You laughed into his chest and tipped your head up to kiss the underside of his jaw.
You sat there for a while, his hands tracing patterns along your spine.
Your voice was small when you asked, “Do you like it?”
He somehow managed to squeeze you closer to him before releasing you so you could meet his eyes. “I love it.” He framed your face with his hands, and kissed you. “I can’t imagine how difficult it was to find.”
You kissed the corner of his mouth. “You can thank Emily for locating it.” You looked over at the box. “It came all the way from London, and arrived just a couple of days ago.
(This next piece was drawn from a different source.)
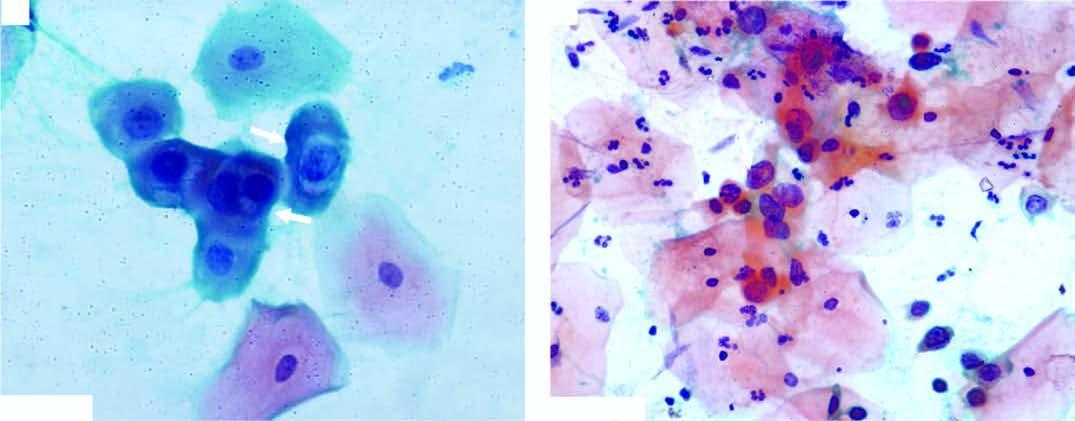do the squamous cells have scanty cytoplasm and markedly hyperchromatic nuclei having irregular nuclear outlines?
Answer the question using a single word or phrase. Yes

I had it shipped to Emily’s so you wouldn’t suspect anything, and I had to be in touch with the seller fairly often in the last couple of weeks.”
He felt like a class-A moron. He just looked at you, completely dumbstruck. “What did I do to deserve you?”
You shook your head and took his hands in yours, kissing them before holding them to your chest. “I could ask you the same question.”